Phases 4 + 5 are FE-owned. No BE setup needed for either. The frontend handles YouTube upload via youtube.videos.insert (Data API + OAuth refresh token, ffmpeg encode in Cloud Run) AND Google Doc creation via the Docs API AND email via Resend — see the FE README for that side's env vars (GOOGLE_OAUTH_CLIENT_ID, GOOGLE_OAUTH_CLIENT_SECRET, GOOGLE_OAUTH_REFRESH_TOKEN, RESEND_API_KEY, NOTIFY_FROM_EMAIL).

BUG_REPORT_EMAIL is optional — see the env-var table.

Step 3: Run pair flow

python research.py --pair

The flow has five gated stages — each waits for the previous to confirm before advancing. (The terminal renumbered from 4 to 5 stages with the 2026-05-18 pair-prompt addition.)

[1/5] Pair code — mint + render code+QR + wait for app to claim Mints (or reuses) a 256-bit pollSecret and POSTs sha256(pollSecret) to the FE Cloud Function /api/devices/initiate-pair.
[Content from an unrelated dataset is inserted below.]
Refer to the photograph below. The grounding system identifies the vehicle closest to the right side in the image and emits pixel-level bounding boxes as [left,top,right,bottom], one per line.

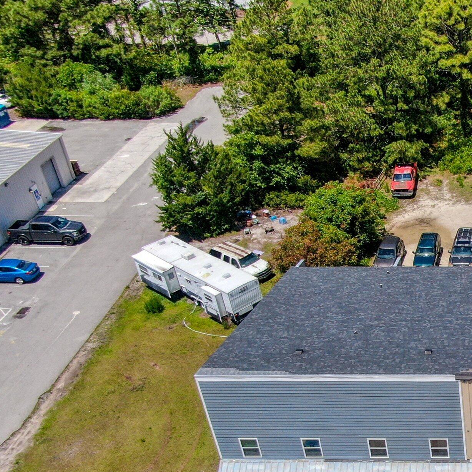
[448,229,472,267]

The function creates a synthetic Firebase Auth user, allocates a unique 8-char pair code, and returns { deviceId, pairCode }. The terminal prints the code in big mono digits with a dash at position 4 (K7XQ-9B2M) and an ASCII QR right below; the BE then polls devices/{deviceId}/pending/{sha256(pollSecret)} (anonymous Firestore REST) every ~2s for a customToken. Two ways to claim:

  • Type — Super Research app → Account → Add Device → paste the 8-char code → submit. Works on any device with the app open.
  • Scan — phone camera on the QR; the encoded payload deep-links to Account → Add Device with the code pre-filled.

Don't have a web app account yet? The Super Research app lives at the deployment URL the dev shares with you (Google sign-in only). The app is required for this stage — --pair sits on its polling loop until you claim the code. Default window is 15 minutes.

Once the claim function writes the customToken, the BE exchanges it via Firebase REST for {refreshToken, idToken, uid}, saves the refresh token to the OS keystore, and prints [ok] Paired — you@example.com. The pollSecret survives in research_config.json so a future Reset Pair Code can rebind to the same deviceId without a fresh handshake.

[2/5] On Startup — supervised auto-restart prompt After the link lands, --pair prompts:

Enable On Startup? [Y/n]:
  • Y (default) — opts into supervised mode; actual arming is deferred to Stage 5 so an aborted login can't leave Firestore flagged as supervised while platforms are half-logged-in.
  • n — skip; you'll run python research.py --serve manually after --pair finishes (and, on Linux/Mac, set up your own backgrounding via nohup / tmux / screen / your own systemd unit — see § Linux/Mac backgrounding).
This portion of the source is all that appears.